Monday, June 20, 2011

I Work in 7 Hours.

I can't be that girl. She's just so...obnoxious.
The girl who raves about her stunning boyfriend who is like, so cool and all the romantic little tidbits about every day happenings. Such as, "He texted me and I wasn't expecting it! How cute is that?!" (not that I would ever get excited about that....[if you knew my boyfriend you'd understand. It's a big deal, okay?])
The girl that can't sleep at night and googles wedding dresses and color coordinated flower bouquets until there is no possible way to get a decent amount of sleep.
Or the girl who sees said boyfriend after two days (two days, people) of limited association and comes up with glorious cheesy gems such as sitting on his lap and asking, "Do you ever get so happy your tummy squirms?"
(Obviously meaning butterflies. I mean, really. Tummy squirm? Butterfly? A dummy would get it.) .... (btw, he smiled and agreed with me once the 'butterflies' part was cleared up).

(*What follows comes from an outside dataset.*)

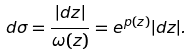<formula> <loc_0><loc_0><loc_500><loc_500>d \sigma = \frac { | d z | } { \omega ( z ) } = e ^ { p ( z ) } | d z | .</formula>

The point is. I don't want to be her! She's annoying, and naive and a moron airhead. She's every girl I used to sneer at...er, 'sneer' is such an ugly word. More like laughed at.
"Oh, she's so silly. I'll never be that silly. That's just silly."
But guess what.
I am.
Oh, I'm so silly, it's not even funny (except for sometimes we laugh about it). Just look at my Pinterest board. It's ridiculous. Practically the only reason I'm still going to Disneyland single is because;
A) There's still the housing fee. That's $2,000+ that I just don't have to spare.
B) Boyfriend just got the stable job. It'll be nice to let it stabilize first before jumping into a shared life.
C) Um...it's disneyland. Ya don't just say, "Guess what Walt, I changed my mind. See ya round."
But, basically, I've succumbed. Luckily, it's not to that level of disgusting, puke-worthy mushy gushy lovey dovey nauseous circle of love that is just a whole lot of PDAwkward for everyone around (that awesome term courtesy of Katie ;]).
Love does stuff to ya. It gives you butterflies and makes your mind fuzzy. You can't seem to smile and breathe at the same time but you don't really need to...breathe, that is.
Oh, and I love making plans :) Plans are my favorite. Plans and surprises. Surprises that I know I'll totally forget about until they begin unfolding. Plans and surprises I'm not even sure it's really legal to have them this early on...
(I'm still about 6-7 months out of being possibly engaged, am I allowed to know that we could potentially be flying somewhere for the honeymoon? o.O)
I've been trying to leave myself a door open. The plan-B emergency door that I can bow out of when things possibly could ever go wrong and the relationship doesn't work out. But at this point, the pathway to the plan-B emergency door is getting much longer and exceedingly more paved with if's and maybe's. It's more like that painting you keep up on the wall because it takes up the empty space and doesn't leave you vulnerable to ridicule from your more interior design savvy friends. You don't actually need the painting, or even like it for that matter, but it's there. Like insurance.
The door's almost disappeared. I'm about to take it down and throw paint on the walls. Create an entire new experience in the room, change the appearance of everything I'm used to. How can I possibly be ready to admit I have found the person I could deal with for eternity. E-ter-ni-ty. Do you realize how long that is? Do I realize how long that is?
Here's the crazy thing: I think I do. And as I think about it I wait for the panic to set in. The qualms and queasy feelings of uneasiness that'll sway me from being certain. But I don't need the door anymore. I don't want the door. The painting can go to DI and the door can melt away into oblivion because I'm in love.
Sure, steady, pure love.
It's cheesy. It's romantic. And it's all mine :) I feel like Buddy the Elf and wanna go running through the halls filled with stuck-up, more-sophisticated-people-than-I snobjobs and shout to them, "I'm in love! I'm in love! and I don't care who knows it!" with that idiotic sappy grin on my face. Because that means I'm too happy to care.

So go ahead and judge! Because Happiness?